During the week I visited her in the evenings. Approaching her she would look up at me from her wheelchair and ask, “Who are you?”
Most often she mistook me for my father or my brother. Even though I understood the cause, it still hurt and painful tugs gripped my heart. However, God saw fit to show me something important that eventually brought peace to my heart with the situation.
Each Sunday after conducting the morning church service in one of the San Diego area congregations, I took whatever detour necessary to stop at the convalescent home. I wanted to serve my mother with Absolution, Holy Communion, and to pray with her. I had a living hope that in spite of her condition; somehow the blessing of God would reach her soul.

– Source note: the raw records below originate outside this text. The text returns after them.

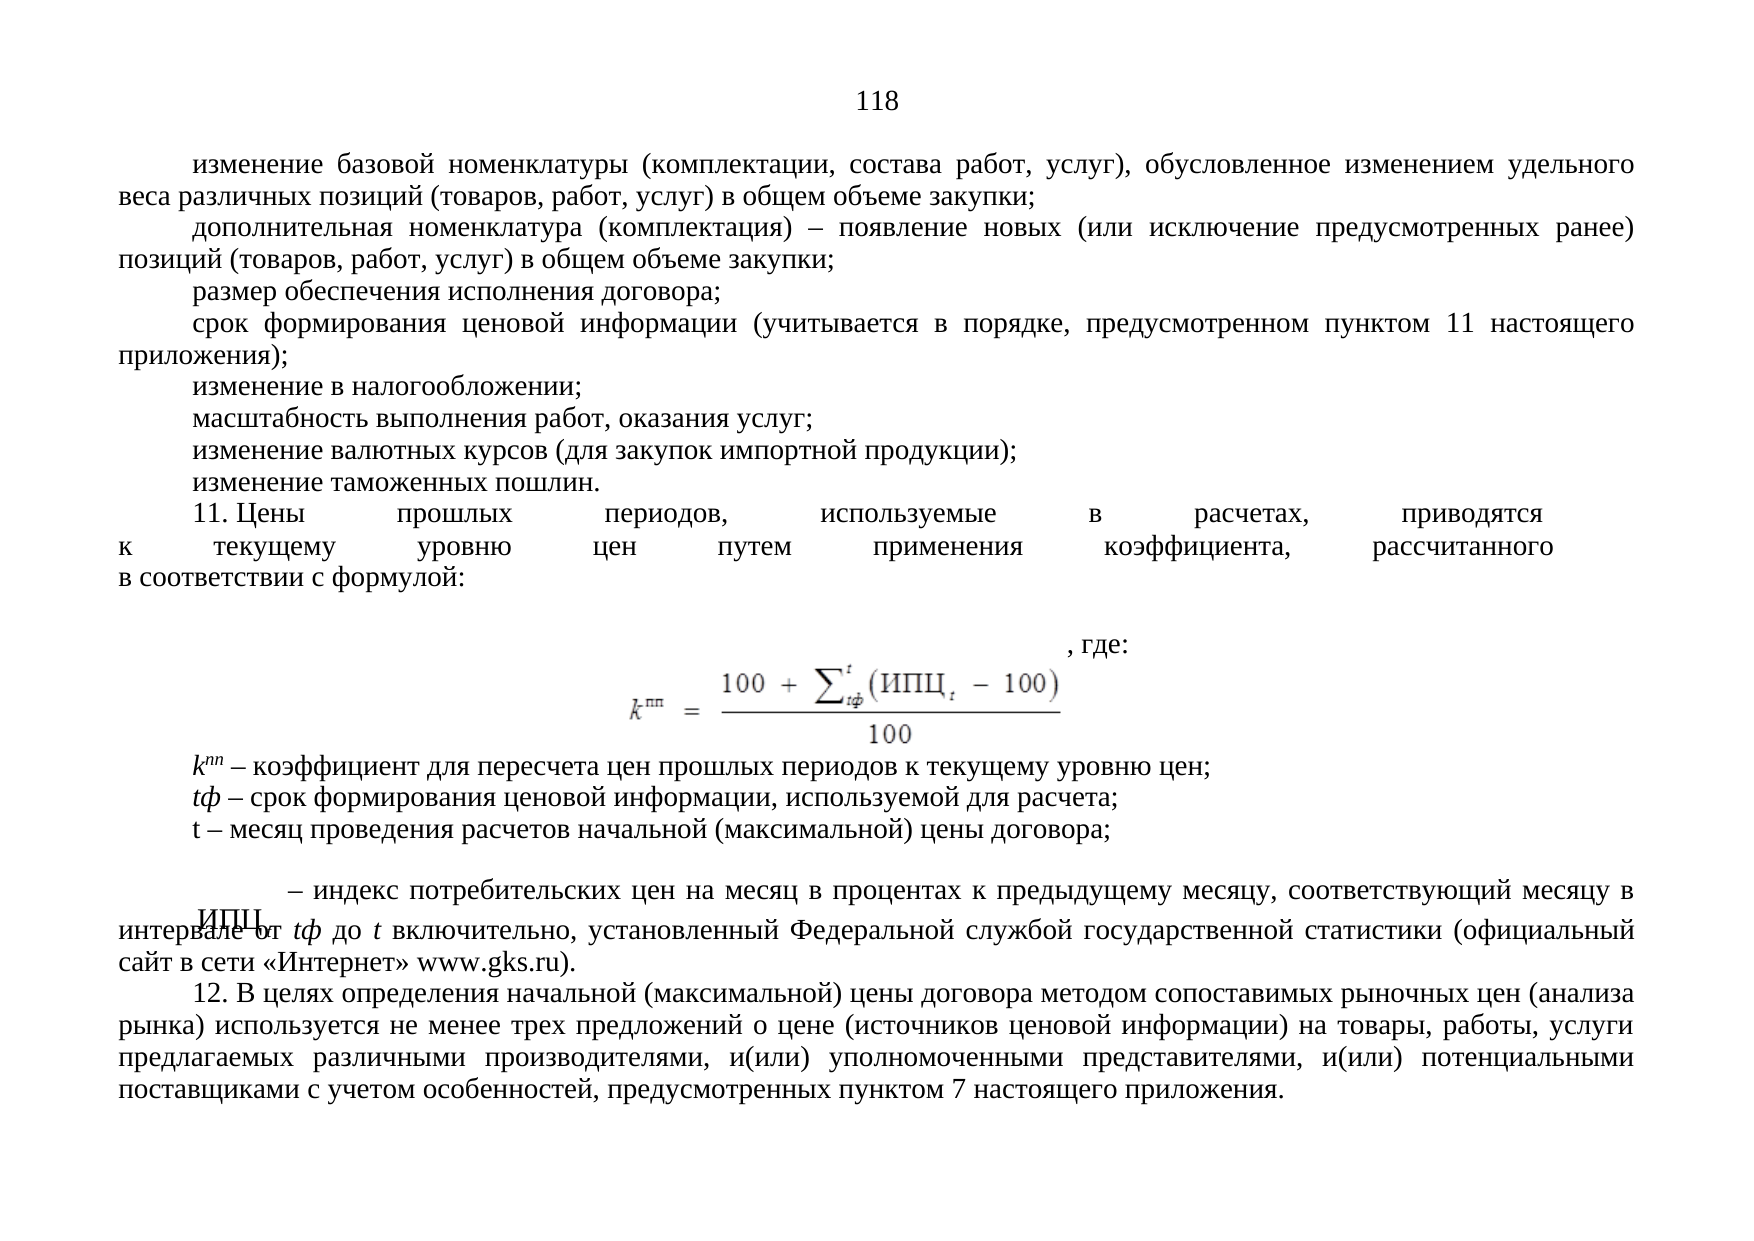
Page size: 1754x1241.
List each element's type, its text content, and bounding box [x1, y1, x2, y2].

text изменение базовой номенклатуры (комплектации, состава работ, услуг), обусловленное изменением удельного веса различных позиций (товаров, работ, услуг) в общем объеме закупки; [118, 148, 1636, 211]
text tф – срок формирования ценовой информации, используемой для расчета; [118, 781, 1636, 813]
text kпп – коэффициент для пересчета цен прошлых периодов к текущему уровню цен; [118, 750, 1636, 781]
text , где: [118, 627, 1636, 750]
text срок формирования ценовой информации (учитывается в порядке, предусмотренном пунктом 11 настоящего приложения); [118, 307, 1636, 370]
text изменение валютных курсов (для закупок импортной продукции); [118, 434, 1636, 466]
text t – месяц проведения расчетов начальной (максимальной) цены договора; [118, 813, 1636, 845]
text 11. Цены прошлых периодов, используемые в расчетах, приводятся к текущему уровню цен путем применения коэффициента, рассчитанного в соответствии с формулой: [118, 497, 1636, 593]
text дополнительная номенклатура (комплектация) – появление новых (или исключение предусмотренных ранее) позиций (товаров, работ, услуг) в общем объеме закупки; [118, 211, 1636, 275]
text – индекс потребительских цен на месяц в процентах к предыдущему месяцу, соответствующий месяцу в интервале от tф до t включительно, установленный Федеральной службой государственной статистики (официальный сайт в сети «Интернет» www.gks.ru). [118, 845, 1636, 977]
text размер обеспечения исполнения договора; [118, 275, 1636, 307]
text изменение таможенных пошлин. [118, 466, 1636, 497]
text 12. В целях определения начальной (максимальной) цены договора методом сопоставимых рыночных цен (анализа рынка) используется не менее трех предложений о цене (источников ценовой информации) на товары, работы, услуги предлагаемых различными производителями, и(или) уполномоченными представителями, и(или) потенциальными поставщиками с учетом особенностей, предусмотренных пунктом 7 настоящего приложения. [118, 977, 1636, 1104]
text изменение в налогообложении; [118, 370, 1636, 402]
text масштабность выполнения работ, оказания услуг; [118, 402, 1636, 434]

Without failure, every Sunday I walked into the entrance of the convalescent home, the first thing I saw was my mother in her wheelchair. She was first in the line of wheelchairs at the entry to the dining hall. She was hunched over, her eyeglasses askew and smudged to the point that she could not see anything very clearly through them. I entered the large reception room from the foyer and Mother immediately looked up, raised her “good” right arm and called out my name saying, “Allan! Is that you?”

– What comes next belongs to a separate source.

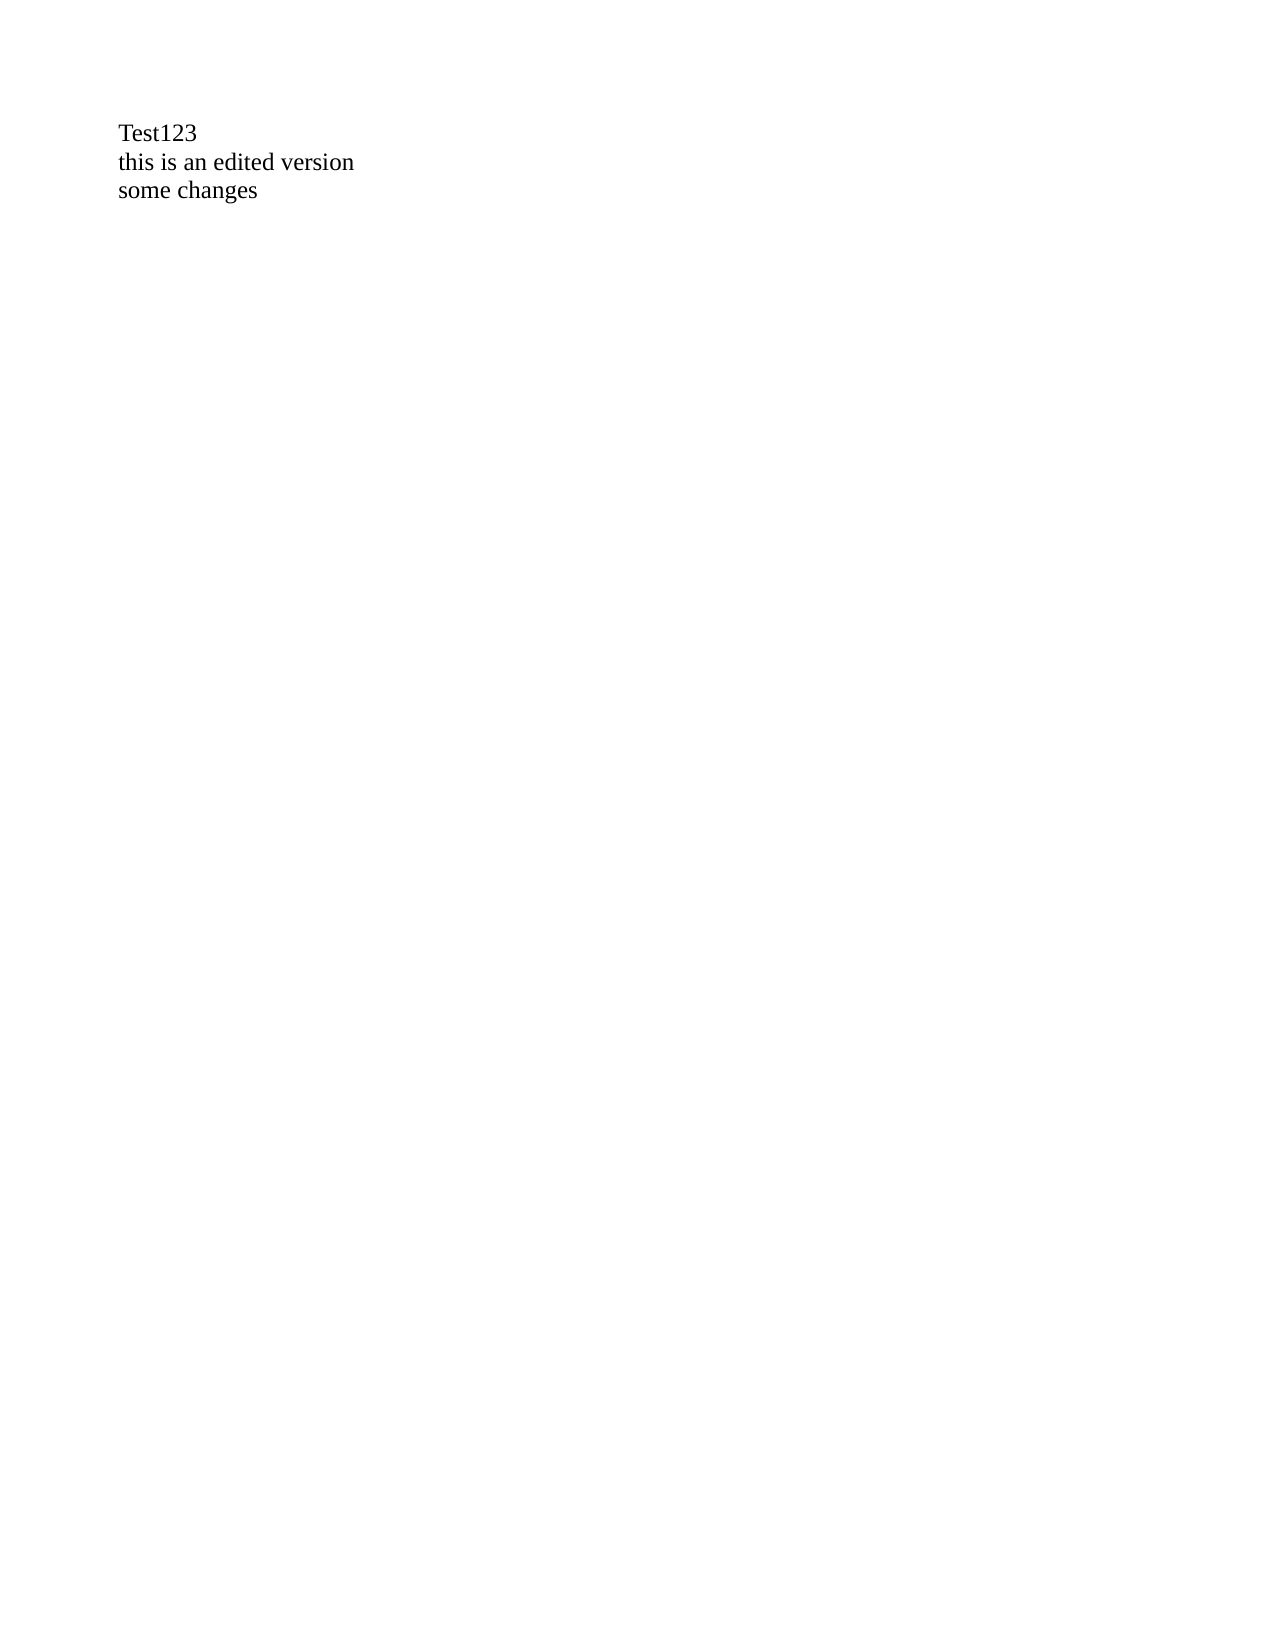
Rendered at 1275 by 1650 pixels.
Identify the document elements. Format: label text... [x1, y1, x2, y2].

text Test123 [118, 118, 1157, 147]
text some changes [118, 176, 1157, 204]
text this is an edited version [118, 147, 1157, 176]

I always responded with, “Yes, it’s me.”
Mother, loud enough for the whole room to hear, said, “Do you have my Holy Communion?”
I assured her I did, gave her a kiss and wheeled her back to her room. There I shared the highlights of the morning church service. I spoke to her as though there was nothing wrong with her comprehension. We prayed together the Lord’s Prayer and to my constant amazement, she prayed that pray as though nothing was wrong with her! No slurring of her words, no saying the wrong words, perfectly prayed as it would by a fully healthy person.
I followed the Lord’s Prayer with pronouncement of the Absolution. I prayed a brief prayer of thanksgiving, consecrated the elements and served her Holy Communion. Finally I pronounced the Benediction.
We said “Amen” together and mother looked up at me and said “Who are you?”
I released the brakes on the wheelchair and took Mother to the now filled dining room for lunch. I kissed her again and said goodbye with mixed feelings flooding my soul.
The first few times I had this experience, I left my mother deeply saddened and aching in my soul but also thankful I could serve her. Eventually, I realized that God was showing me something very important.
There was a lesson in all of this for me. It became clear once I was able to extricate myself from the emotional pain I felt. Now I saw that even though her physical faculties were impaired; her soul remained healthy and strong! I am forever grateful for that insight and the comfort and peace it offered.
Turning Point
This experience became a turning point in perspective. I wondered why I hadn’t recognized it sooner. Strong emotions have the effect of blinding one to the obvious. This turning point perspective equipped me to serve others to overcome their emotionally induced blindness in similar situations and see the truth of a broken body with a healthy soul.